JurnalPatroliNews – Jakarta – Putra Mahkota Arab Saudi, Pangeran Mohammed bin Salman, menegaskan bahwa Gaza merupakan tanah Palestina dan hak rakyatnya “tidak bisa dihapus oleh agresi apa pun.” Pernyataan itu ia sampaikan dalam pidato resmi yang disiarkan televisi nasional pada Rabu (10/9) saat membuka tahun kedua sidang kesembilan Dewan Syura.

Dalam kesempatan tersebut, Mohammed bin Salman menekankan komitmen Kerajaan untuk terus mendorong solusi dua negara bagi penyelesaian konflik Israel–Palestina. Ia juga mengecam keras serangan-serangan Israel di kawasan, termasuk serangan udara di Doha, Qatar pada Selasa (9/9).

“Agresi brutal terhadap negara saudara kita, Qatar, menuntut respons tegas dari dunia Arab, Islam, dan internasional,” ujarnya. Ia menambahkan bahwa Arab Saudi siap mendukung Qatar tanpa batas dalam langkah-langkah yang akan ditempuh menghadapi situasi tersebut.

Sementara itu, kelompok Hamas menyatakan sedikitnya enam orang tewas dalam serangan Israel ke ibu kota Qatar tersebut. Salah satunya adalah anak dari negosiator utama Hamas, Khalil al-Hayya, bersama tiga pengawal serta seorang ajudannya. Beberapa pemimpin senior Hamas yang bermarkas di Doha dilaporkan selamat.
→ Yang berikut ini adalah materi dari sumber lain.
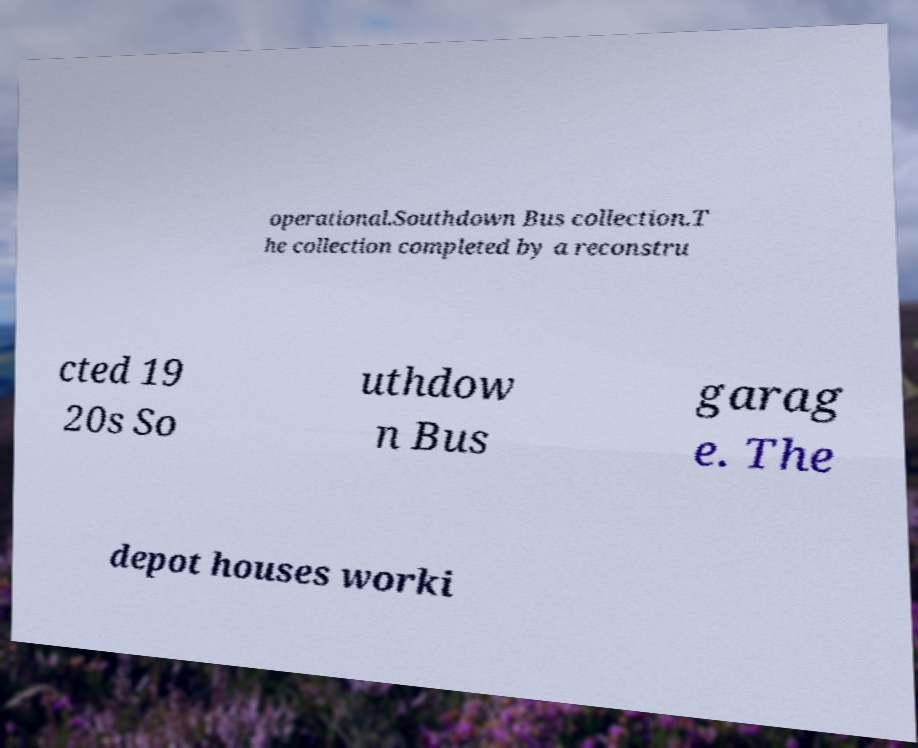Could you assist in decoding the text presented in this image and type it out clearly? operational.Southdown Bus collection.T he collection completed by a reconstru cted 19 20s So uthdow n Bus garag e. The depot houses worki 
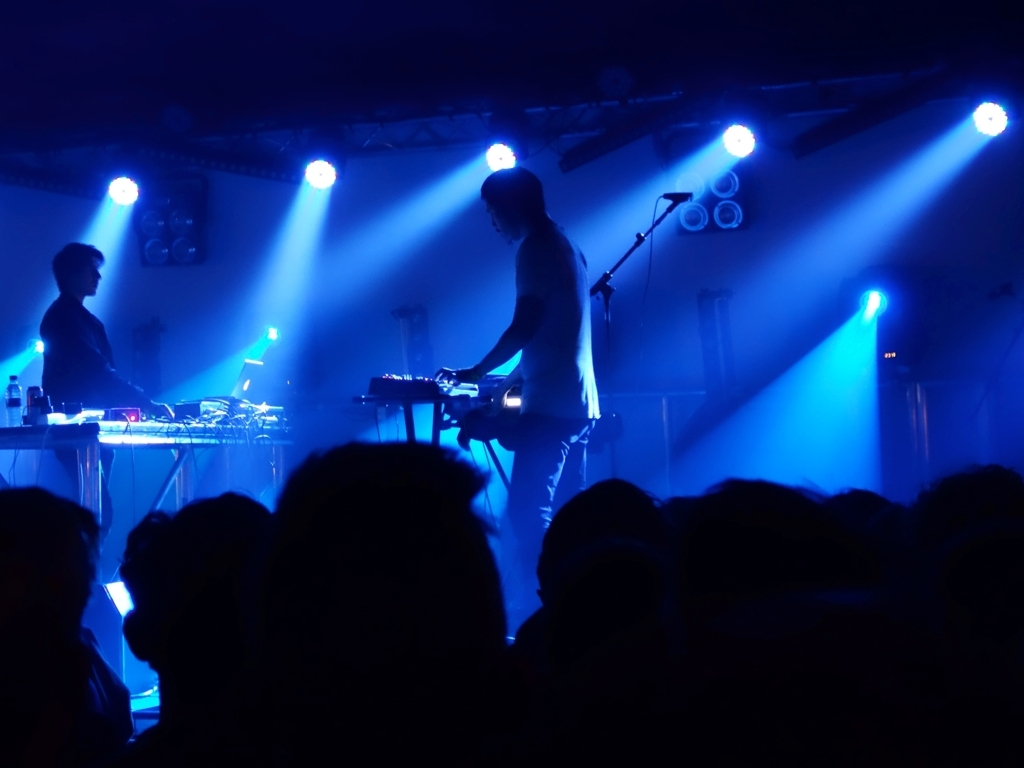Can you comment on the composition of this photo? The composition focuses on the contrast between the illuminated performers and the shadowed audience. The use of perspective draws attention to the musicians, while the cool color palette adds to the sense of depth and mood.

Pemerintah Qatar menuding Israel sengaja menargetkan rumah anggota biro politik Hamas yang berada di wilayahnya. Dalam pernyataan resmi, Kementerian Dalam Negeri Qatar menyebut seorang personel pasukan keamanan internal juga menjadi korban jiwa, sementara sejumlah lainnya mengalami luka-luka.